Sevgili günlük,
Corona olayı hepimizi günlerdir hapsetti. “Bu durumda evin en çok ziyaret edilen yeri neresi?” diye soracak olursan, “mutfak ve buzdolabı” desem ne dersin?
Sabahtan ellerimi güzelce sabunladım, sonra geçtim mutfağa... “Acaba ne pişirsem?” diye düşünürken sebzelikteki kabak ve patlıcanlar gözüme takıldı. “Mevsimi değil” dediğini duydum da, arada bir lezzet değişikliği de lazım değil mi?
Üstelik artık eve mahkum olduğumuz için, sebzeleri kızartmak yerine fırında pişirsem hafif olur değil mi? Patlıcanları ince ince dilimleyip tuzlu suda bıraktım sonra biraz haşlayıp mısır ununa buladım... Kabaklara gelince, dış kabuklarını hafifçe kazıyıp yuvarlak dilimledim, unlayıp bütün bu malzemeyi fırın tepsisine dizdim, hafifçe zeytinyağı sürdüm ve fırına verdim. Nar gibi kızardılar.

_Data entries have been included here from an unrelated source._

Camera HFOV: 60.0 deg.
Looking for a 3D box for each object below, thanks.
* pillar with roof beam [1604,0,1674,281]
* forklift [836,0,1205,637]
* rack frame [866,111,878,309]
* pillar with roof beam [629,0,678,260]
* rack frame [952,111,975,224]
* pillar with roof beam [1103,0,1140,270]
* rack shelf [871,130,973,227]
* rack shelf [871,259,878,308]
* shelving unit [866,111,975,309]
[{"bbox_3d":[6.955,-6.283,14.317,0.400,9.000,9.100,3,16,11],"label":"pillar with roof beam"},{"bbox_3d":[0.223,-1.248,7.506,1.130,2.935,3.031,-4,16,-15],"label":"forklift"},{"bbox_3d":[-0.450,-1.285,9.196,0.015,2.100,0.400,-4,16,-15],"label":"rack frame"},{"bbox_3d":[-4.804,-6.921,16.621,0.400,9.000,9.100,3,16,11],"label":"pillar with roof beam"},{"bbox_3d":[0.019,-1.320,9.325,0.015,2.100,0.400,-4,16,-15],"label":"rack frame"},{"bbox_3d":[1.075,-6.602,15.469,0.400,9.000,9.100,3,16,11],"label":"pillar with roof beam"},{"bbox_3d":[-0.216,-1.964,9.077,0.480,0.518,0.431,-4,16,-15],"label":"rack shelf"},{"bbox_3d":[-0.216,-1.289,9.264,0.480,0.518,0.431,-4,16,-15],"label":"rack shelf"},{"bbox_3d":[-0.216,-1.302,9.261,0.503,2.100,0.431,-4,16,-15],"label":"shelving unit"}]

Dünden kalanları da ısıtıp, sofra kurduk, öğlen yemeğimizi afiyetle yedik....
Sonra kanepeye geçtim, elimde kitabım (*), Selim İleri’yi çok severim bilirsin, Corona gelişmelerini atlamamak için televizyonu da açıp, sesini kıstım, arada bir kitaptan kafamı kaldırıp ekrana göz atıyorum, önceleri çok keyifliydim ama sonra baktım ki aynı sayfayı defalarca baştan sona yeniden geçiyorum ama okuduklarım aklımdan silinip gidiyor.
Neden mi? Neden olacak, televizyonda ikide birde “son dakika” uyarıları geçiyor:
-İtalya ölü sayısında Çin’i geride bıraktı.
-İran’da ölü sayısı tırmanıyor
-Hay aksi, peki bizim durumumuz ne olacak?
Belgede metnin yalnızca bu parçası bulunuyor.